:: Records supplied ::
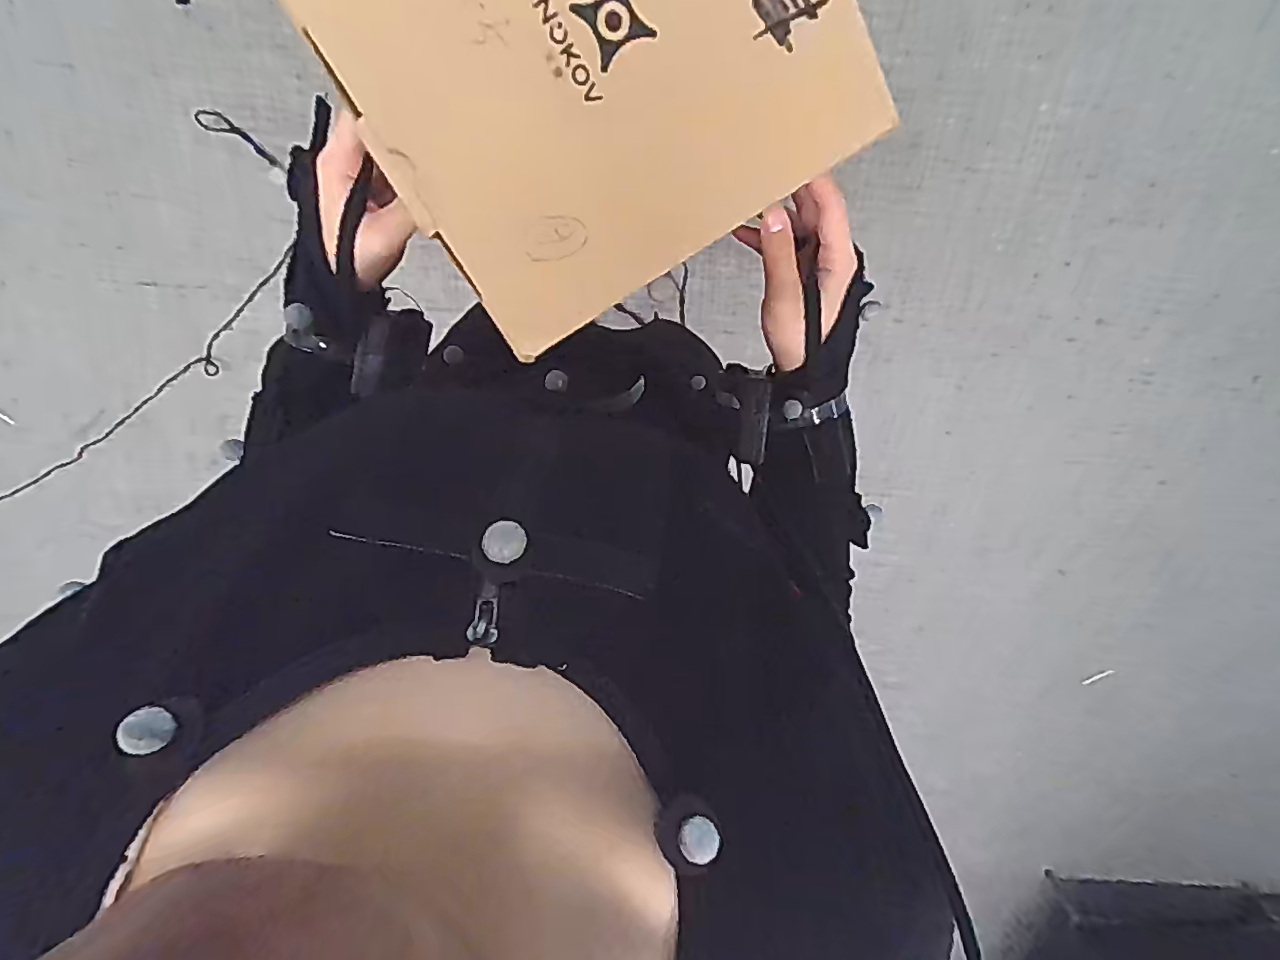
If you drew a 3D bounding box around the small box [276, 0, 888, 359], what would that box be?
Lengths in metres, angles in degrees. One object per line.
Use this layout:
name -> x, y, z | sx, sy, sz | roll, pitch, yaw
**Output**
small box -> -0.020, -0.181, 0.270 | 0.179, 0.176, 0.168 | -30, 108, 8
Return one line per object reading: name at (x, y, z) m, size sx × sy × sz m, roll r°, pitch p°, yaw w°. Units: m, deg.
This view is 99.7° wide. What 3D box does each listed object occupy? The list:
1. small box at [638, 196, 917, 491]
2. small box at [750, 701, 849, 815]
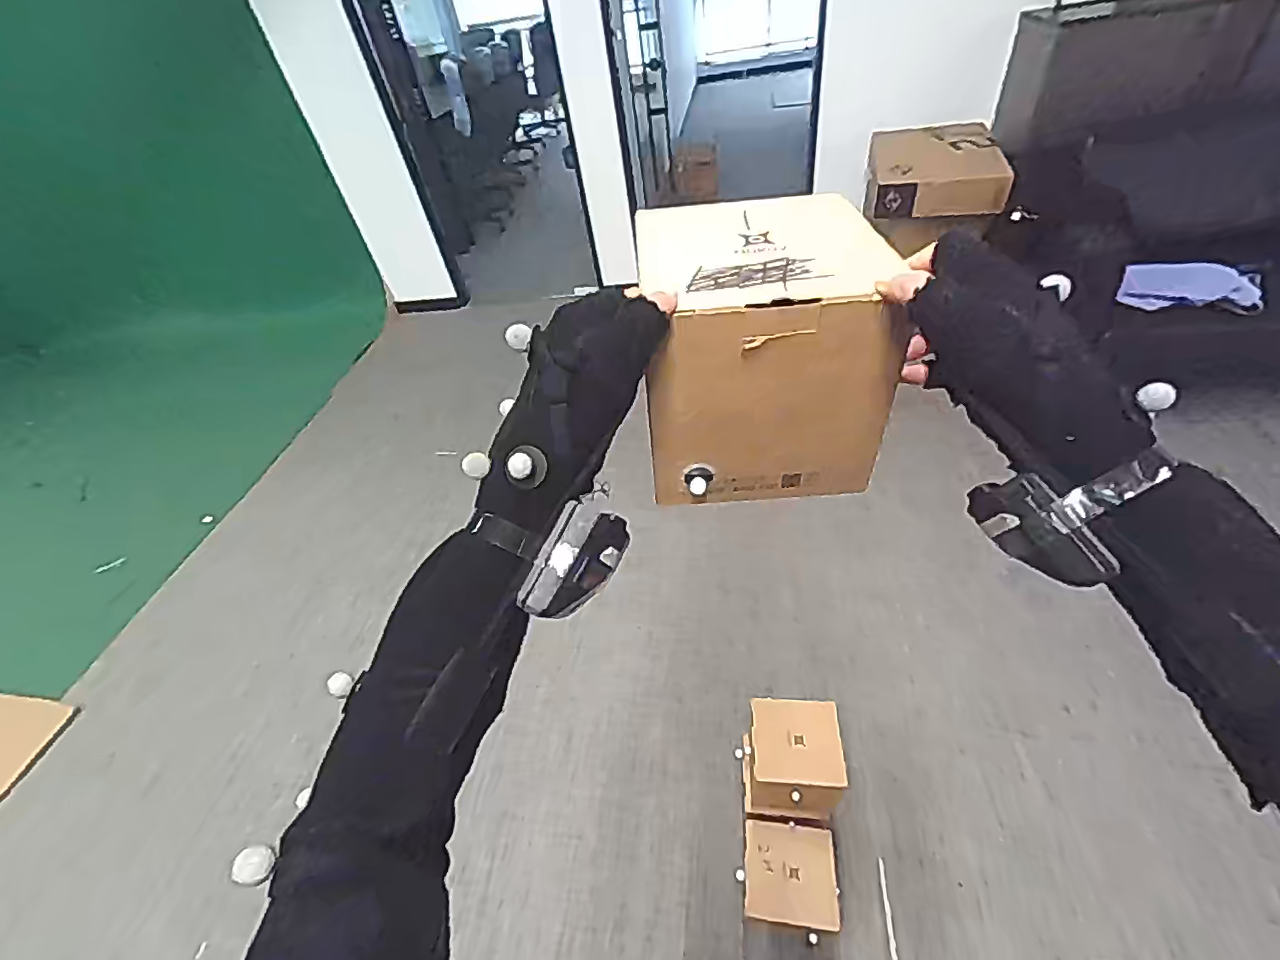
small box at (0.087, -0.103, 0.430) m, size 0.168 × 0.176 × 0.179 m, roll -4°, pitch 43°, yaw 2°
small box at (0.325, 0.585, 1.135) m, size 0.179 × 0.176 × 0.168 m, roll 0°, pitch 44°, yaw 10°
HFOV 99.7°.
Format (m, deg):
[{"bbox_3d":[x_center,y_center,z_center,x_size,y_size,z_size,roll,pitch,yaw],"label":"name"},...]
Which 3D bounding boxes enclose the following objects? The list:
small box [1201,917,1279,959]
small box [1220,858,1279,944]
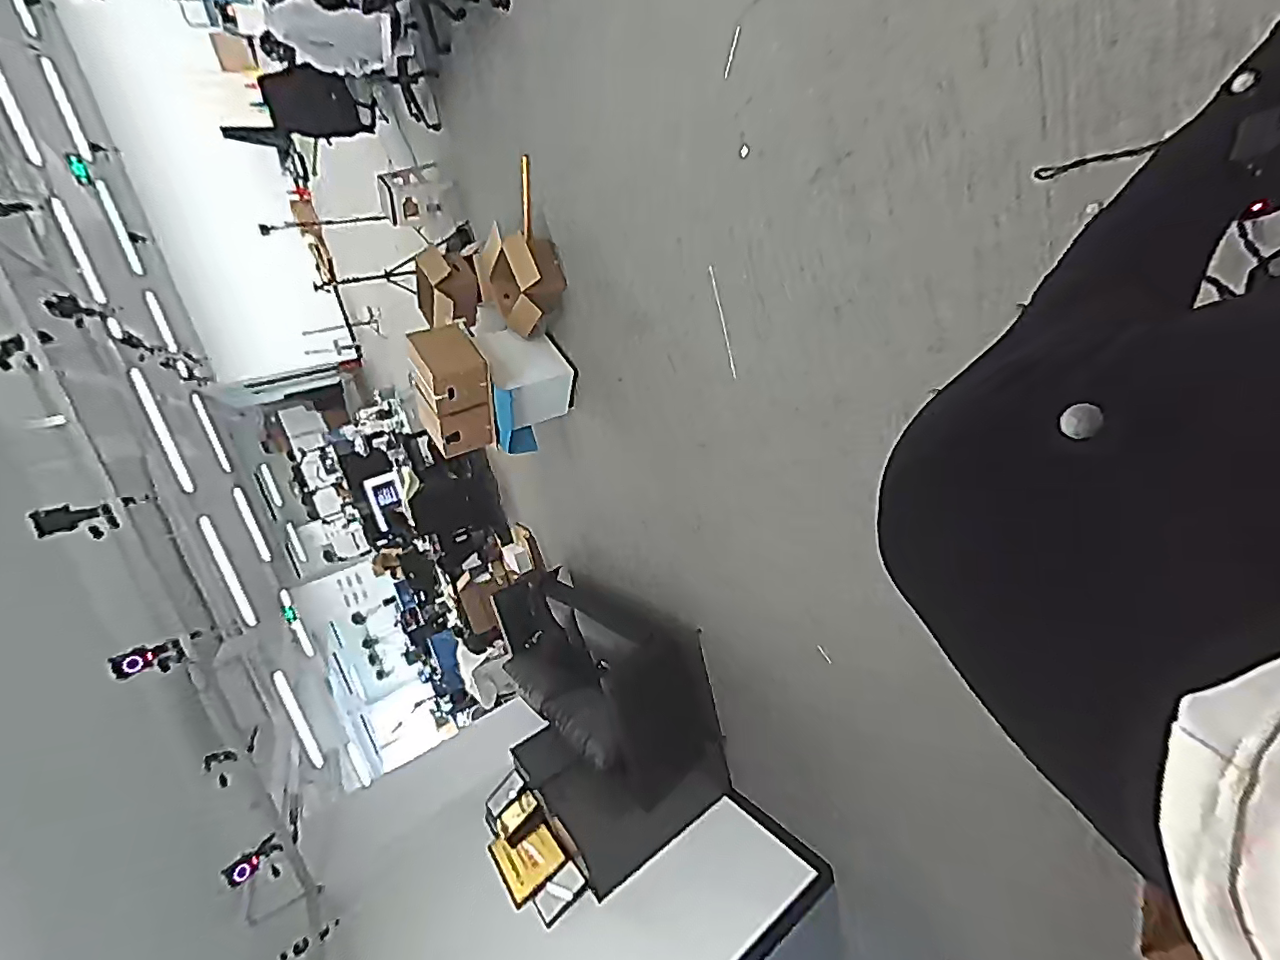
[{"bbox_3d":[1.033,0.887,0.880,0.168,0.176,0.179,12,117,56],"label":"small box"},{"bbox_3d":[1.165,0.839,0.961,0.168,0.176,0.179,12,118,55],"label":"small box"}]
:::
Please return, without any change, the lines from the line containing "Which 3D bounding" through the last line of the entries, dropping the pictures.

Which 3D bounding boxes enclose the following objects? The list:
small box [1201,917,1279,959]
small box [1220,858,1279,944]
[{"bbox_3d":[1.033,0.887,0.880,0.168,0.176,0.179,12,117,56],"label":"small box"},{"bbox_3d":[1.165,0.839,0.961,0.168,0.176,0.179,12,118,55],"label":"small box"}]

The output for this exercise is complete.